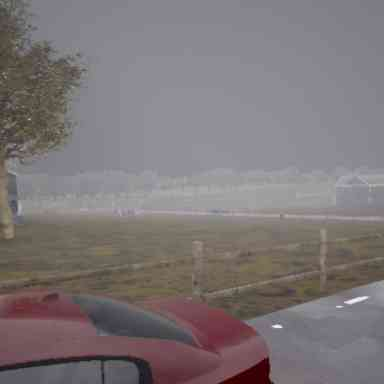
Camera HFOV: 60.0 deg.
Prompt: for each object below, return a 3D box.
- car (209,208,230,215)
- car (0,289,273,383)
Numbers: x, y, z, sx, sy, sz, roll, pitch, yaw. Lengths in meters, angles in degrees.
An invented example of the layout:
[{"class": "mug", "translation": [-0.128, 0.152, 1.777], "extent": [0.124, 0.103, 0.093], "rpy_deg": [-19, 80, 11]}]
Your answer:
[{"class": "car", "translation": [5.610, 3.945, 67.216], "extent": [1.895, 1.301, 4.718], "rpy_deg": [-2, -1, -36]}, {"class": "car", "translation": [-1.684, 1.473, 1.868], "extent": [5.008, 1.535, 1.882], "rpy_deg": [1, -1, -35]}]
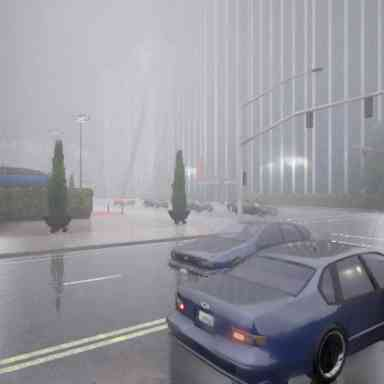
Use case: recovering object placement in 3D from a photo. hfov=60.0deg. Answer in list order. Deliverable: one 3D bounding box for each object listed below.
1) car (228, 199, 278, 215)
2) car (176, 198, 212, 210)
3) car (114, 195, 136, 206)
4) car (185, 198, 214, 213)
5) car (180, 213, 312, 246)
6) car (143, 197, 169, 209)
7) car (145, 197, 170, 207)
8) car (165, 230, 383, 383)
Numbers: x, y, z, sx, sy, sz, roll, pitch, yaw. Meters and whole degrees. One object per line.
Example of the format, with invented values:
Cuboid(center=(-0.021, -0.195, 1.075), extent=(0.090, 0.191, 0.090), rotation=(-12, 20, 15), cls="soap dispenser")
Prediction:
Cuboid(center=(5.786, 1.525, 30.740), extent=(1.812, 1.442, 4.674), rotation=(0, 0, -34), cls="car")
Cuboid(center=(0.173, 1.546, 44.521), extent=(2.033, 1.411, 5.357), rotation=(0, 0, -36), cls="car")
Cuboid(center=(-10.841, 1.350, 53.806), extent=(2.097, 1.767, 4.553), rotation=(0, 0, -36), cls="car")
Cuboid(center=(0.497, 1.525, 38.136), extent=(1.812, 1.442, 4.674), rotation=(0, 0, -36), cls="car")
Cuboid(center=(1.967, 1.547, 9.703), extent=(5.357, 1.411, 2.033), rotation=(0, 0, -36), cls="car")
Cuboid(center=(-4.981, 1.503, 45.672), extent=(1.837, 1.490, 4.892), rotation=(0, 0, -36), cls="car")
Cuboid(center=(-5.551, 1.524, 52.446), extent=(1.812, 1.442, 4.674), rotation=(0, 0, -36), cls="car")
Cuboid(center=(2.224, 1.547, 5.389), extent=(5.357, 1.411, 2.033), rotation=(0, 0, -35), cls="car")
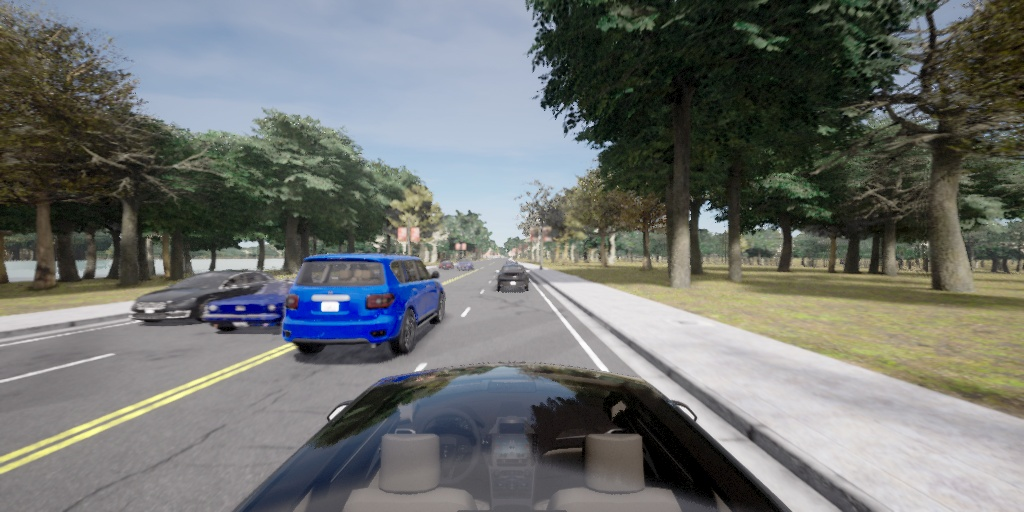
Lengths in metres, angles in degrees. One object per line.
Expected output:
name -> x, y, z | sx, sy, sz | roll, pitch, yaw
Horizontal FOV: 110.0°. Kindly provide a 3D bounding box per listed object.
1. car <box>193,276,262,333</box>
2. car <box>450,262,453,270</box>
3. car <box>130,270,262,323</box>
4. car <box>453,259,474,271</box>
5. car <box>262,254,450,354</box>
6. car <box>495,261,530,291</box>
car -> -6.612, 1.352, 10.931 | 1.895, 1.301, 4.718 | 0, 0, 0
car -> -10.097, 1.404, 55.549 | 1.994, 1.385, 4.181 | 0, 0, 0
car -> -9.865, 1.257, 12.184 | 1.837, 1.490, 4.892 | 0, 0, 0
car -> -6.834, 1.183, 52.625 | 2.097, 1.767, 4.553 | 0, 0, 0
car -> -3.158, 0.973, 8.899 | 2.150, 2.045, 5.566 | 0, 0, 0
car -> 0.051, 1.265, 22.143 | 1.837, 1.490, 4.892 | 0, 0, 0
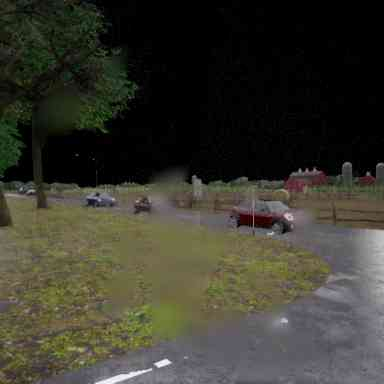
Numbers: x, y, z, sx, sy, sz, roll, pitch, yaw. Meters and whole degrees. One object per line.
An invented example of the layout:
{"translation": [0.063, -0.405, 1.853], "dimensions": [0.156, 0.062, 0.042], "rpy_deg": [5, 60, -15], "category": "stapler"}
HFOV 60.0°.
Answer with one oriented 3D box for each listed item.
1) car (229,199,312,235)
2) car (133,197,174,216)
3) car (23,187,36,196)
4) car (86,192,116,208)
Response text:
{"translation": [4.146, 1.168, 18.017], "dimensions": [2.097, 1.767, 4.553], "rpy_deg": [-1, 2, -39], "category": "car"}
{"translation": [-3.344, 1.138, 28.026], "dimensions": [1.812, 1.442, 4.674], "rpy_deg": [-1, 2, -36], "category": "car"}
{"translation": [-40.873, 0.230, 84.805], "dimensions": [1.882, 1.535, 5.008], "rpy_deg": [-1, 1, -36], "category": "car"}
{"translation": [-10.390, 0.787, 37.763], "dimensions": [2.097, 1.767, 4.553], "rpy_deg": [-1, 1, -36], "category": "car"}
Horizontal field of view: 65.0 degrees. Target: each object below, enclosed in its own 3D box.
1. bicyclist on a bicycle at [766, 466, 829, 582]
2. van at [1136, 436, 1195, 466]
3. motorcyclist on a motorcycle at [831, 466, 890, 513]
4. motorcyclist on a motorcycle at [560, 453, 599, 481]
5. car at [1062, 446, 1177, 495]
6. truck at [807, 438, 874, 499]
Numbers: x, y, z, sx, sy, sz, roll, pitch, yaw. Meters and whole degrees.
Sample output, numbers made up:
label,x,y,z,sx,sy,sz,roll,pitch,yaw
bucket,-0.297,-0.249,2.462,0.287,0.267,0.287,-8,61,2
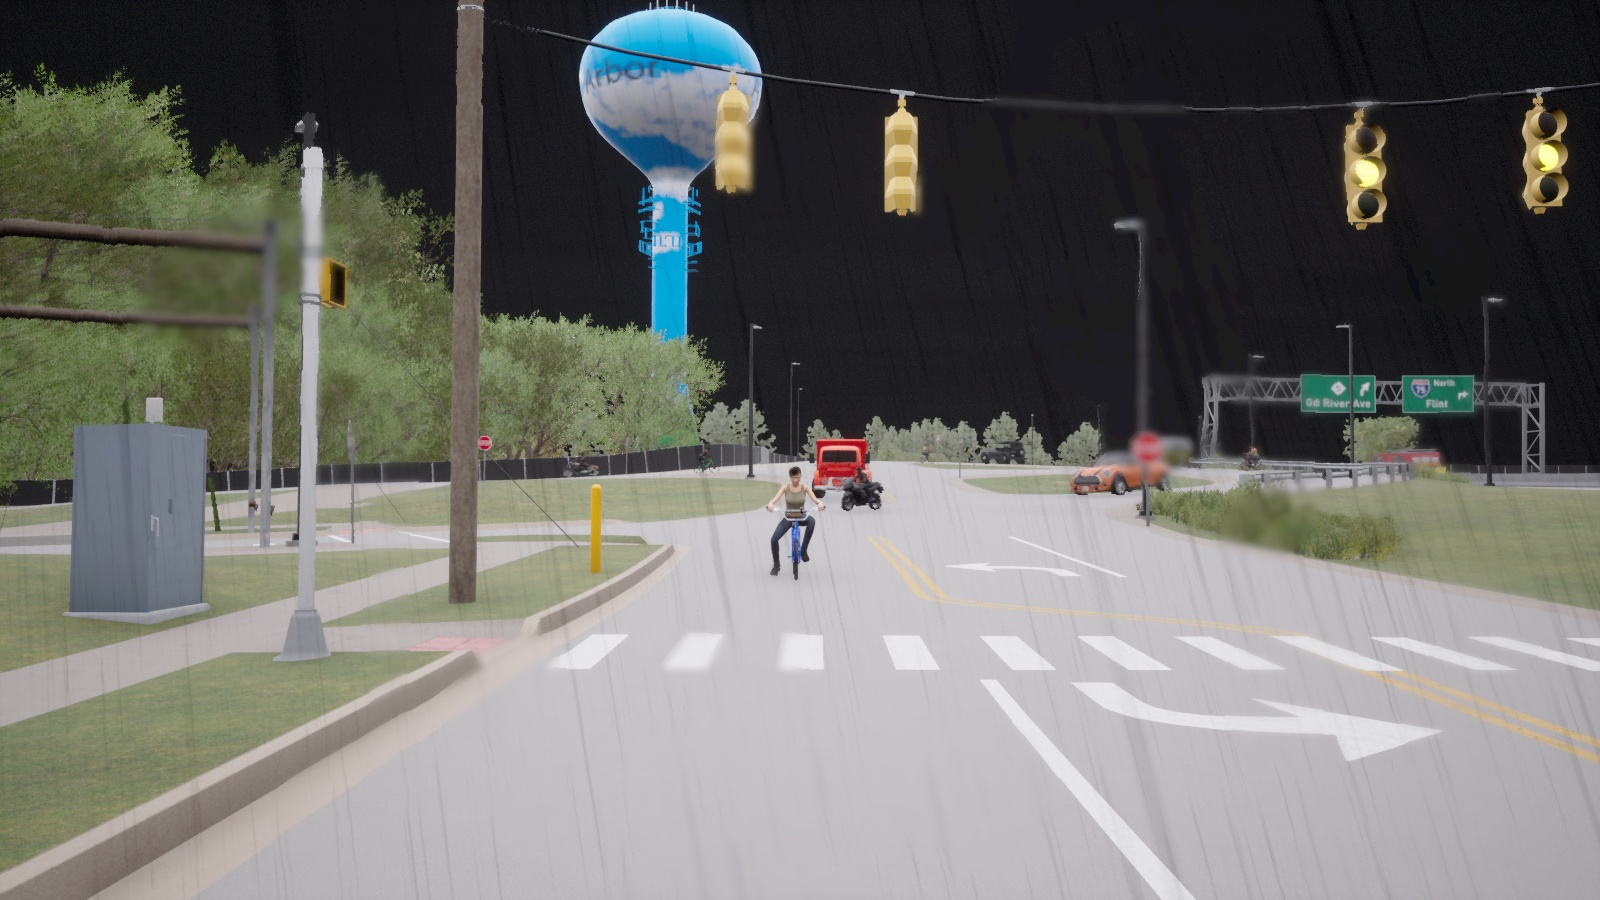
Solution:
label,x,y,z,sx,sy,sz,roll,pitch,yaw
bicyclist on a bicycle,-0.056,1.042,18.222,0.866,1.612,1.509,0,-1,-1
van,25.227,0.092,86.914,1.775,1.987,4.442,1,0,-16
motorcyclist on a motorcycle,2.064,1.308,42.655,2.044,1.523,0.797,0,0,-45
motorcyclist on a motorcycle,-14.001,1.087,79.816,2.350,1.649,0.766,-2,-2,-12
car,13.023,0.820,51.070,4.553,1.767,2.097,-2,-1,-39
truck,1.791,0.760,53.798,2.627,2.467,5.204,0,0,4

###

=== What the exercise asks ===
Retype every record as it stands. None of the pictures should appear.

=== Solved problem ===
Camera HFOV: 60.0 deg.
Prompt: for each object below, return a 3D box.
- car (209,208,230,215)
- car (0,289,273,383)
Numbers: x, y, z, sx, sy, sz, roll, pitch, yaw. Lengths in meters, angles in degrees.
An invented example of the layout:
[{"class": "mug", "translation": [-0.128, 0.152, 1.777], "extent": [0.124, 0.103, 0.093], "rpy_deg": [-19, 80, 11]}]
Your answer:
[{"class": "car", "translation": [5.610, 3.945, 67.216], "extent": [1.895, 1.301, 4.718], "rpy_deg": [-2, -1, -36]}, {"class": "car", "translation": [-1.684, 1.473, 1.868], "extent": [5.008, 1.535, 1.882], "rpy_deg": [1, -1, -35]}]
Use case: recovering object placement in 3D from a photo. hfov=60.0deg. Answer in list order. Deliverable: one 3D bounding box for each object listed below.
1) car (228, 199, 278, 215)
2) car (176, 198, 212, 210)
3) car (114, 195, 136, 206)
4) car (185, 198, 214, 213)
5) car (180, 213, 312, 246)
6) car (143, 197, 169, 209)
7) car (145, 197, 170, 207)
8) car (165, 230, 383, 383)
Numbers: x, y, z, sx, sy, sz, roll, pitch, yaw. Meters and whole degrees. One object per line.
Example of the format, with invented values:
Cuboid(center=(-0.021, -0.195, 1.075), extent=(0.090, 0.191, 0.090), rotation=(-12, 20, 15), cls="soap dispenser")
Prediction:
Cuboid(center=(5.786, 1.525, 30.740), extent=(1.812, 1.442, 4.674), rotation=(0, 0, -34), cls="car")
Cuboid(center=(0.173, 1.546, 44.521), extent=(2.033, 1.411, 5.357), rotation=(0, 0, -36), cls="car")
Cuboid(center=(-10.841, 1.350, 53.806), extent=(2.097, 1.767, 4.553), rotation=(0, 0, -36), cls="car")
Cuboid(center=(0.497, 1.525, 38.136), extent=(1.812, 1.442, 4.674), rotation=(0, 0, -36), cls="car")
Cuboid(center=(1.967, 1.547, 9.703), extent=(5.357, 1.411, 2.033), rotation=(0, 0, -36), cls="car")
Cuboid(center=(-4.981, 1.503, 45.672), extent=(1.837, 1.490, 4.892), rotation=(0, 0, -36), cls="car")
Cuboid(center=(-5.551, 1.524, 52.446), extent=(1.812, 1.442, 4.674), rotation=(0, 0, -36), cls="car")
Cuboid(center=(2.224, 1.547, 5.389), extent=(5.357, 1.411, 2.033), rotation=(0, 0, -35), cls="car")
Lengths in metres, angles in degrees. One object per line.
Expected output:
name -> x, y, z | sx, sy, sz | roll, pitch, yaw
Horizontal FOV: 110.0°. Kindly provide a 3D bounding box per listed object.
1. car <box>193,276,262,333</box>
2. car <box>450,262,453,270</box>
3. car <box>130,270,262,323</box>
4. car <box>453,259,474,271</box>
5. car <box>262,254,450,354</box>
6. car <box>495,261,530,291</box>
car -> -6.612, 1.352, 10.931 | 1.895, 1.301, 4.718 | 0, 0, 0
car -> -10.097, 1.404, 55.549 | 1.994, 1.385, 4.181 | 0, 0, 0
car -> -9.865, 1.257, 12.184 | 1.837, 1.490, 4.892 | 0, 0, 0
car -> -6.834, 1.183, 52.625 | 2.097, 1.767, 4.553 | 0, 0, 0
car -> -3.158, 0.973, 8.899 | 2.150, 2.045, 5.566 | 0, 0, 0
car -> 0.051, 1.265, 22.143 | 1.837, 1.490, 4.892 | 0, 0, 0
Numbers: x, y, z, sx, sy, sz, roll, pitch, yaw. Meters and whole degrees. One object per line.
An invented example of the layout:
{"translation": [0.063, -0.405, 1.853], "dimensions": [0.156, 0.062, 0.042], "rpy_deg": [5, 60, -15], "category": "stapler"}
HFOV 60.0°.
Answer with one oriented 3D box for each listed item.
1) car (229,199,312,235)
2) car (133,197,174,216)
3) car (23,187,36,196)
4) car (86,192,116,208)
Response text:
{"translation": [4.146, 1.168, 18.017], "dimensions": [2.097, 1.767, 4.553], "rpy_deg": [-1, 2, -39], "category": "car"}
{"translation": [-3.344, 1.138, 28.026], "dimensions": [1.812, 1.442, 4.674], "rpy_deg": [-1, 2, -36], "category": "car"}
{"translation": [-40.873, 0.230, 84.805], "dimensions": [1.882, 1.535, 5.008], "rpy_deg": [-1, 1, -36], "category": "car"}
{"translation": [-10.390, 0.787, 37.763], "dimensions": [2.097, 1.767, 4.553], "rpy_deg": [-1, 1, -36], "category": "car"}
Horizontal field of view: 65.0 degrees. Target: each object below, enclosed in its own 3D box.
1. bicyclist on a bicycle at [766, 466, 829, 582]
2. van at [1136, 436, 1195, 466]
3. motorcyclist on a motorcycle at [831, 466, 890, 513]
4. motorcyclist on a motorcycle at [560, 453, 599, 481]
5. car at [1062, 446, 1177, 495]
6. truck at [807, 438, 874, 499]
Numbers: x, y, z, sx, sy, sz, roll, pitch, yaw. Meters and whole degrees.
Sample output, numbers made up:
label,x,y,z,sx,sy,sz,roll,pitch,yaw
bucket,-0.297,-0.249,2.462,0.287,0.267,0.287,-8,61,2
Solution:
label,x,y,z,sx,sy,sz,roll,pitch,yaw
bicyclist on a bicycle,-0.056,1.042,18.222,0.866,1.612,1.509,0,-1,-1
van,25.227,0.092,86.914,1.775,1.987,4.442,1,0,-16
motorcyclist on a motorcycle,2.064,1.308,42.655,2.044,1.523,0.797,0,0,-45
motorcyclist on a motorcycle,-14.001,1.087,79.816,2.350,1.649,0.766,-2,-2,-12
car,13.023,0.820,51.070,4.553,1.767,2.097,-2,-1,-39
truck,1.791,0.760,53.798,2.627,2.467,5.204,0,0,4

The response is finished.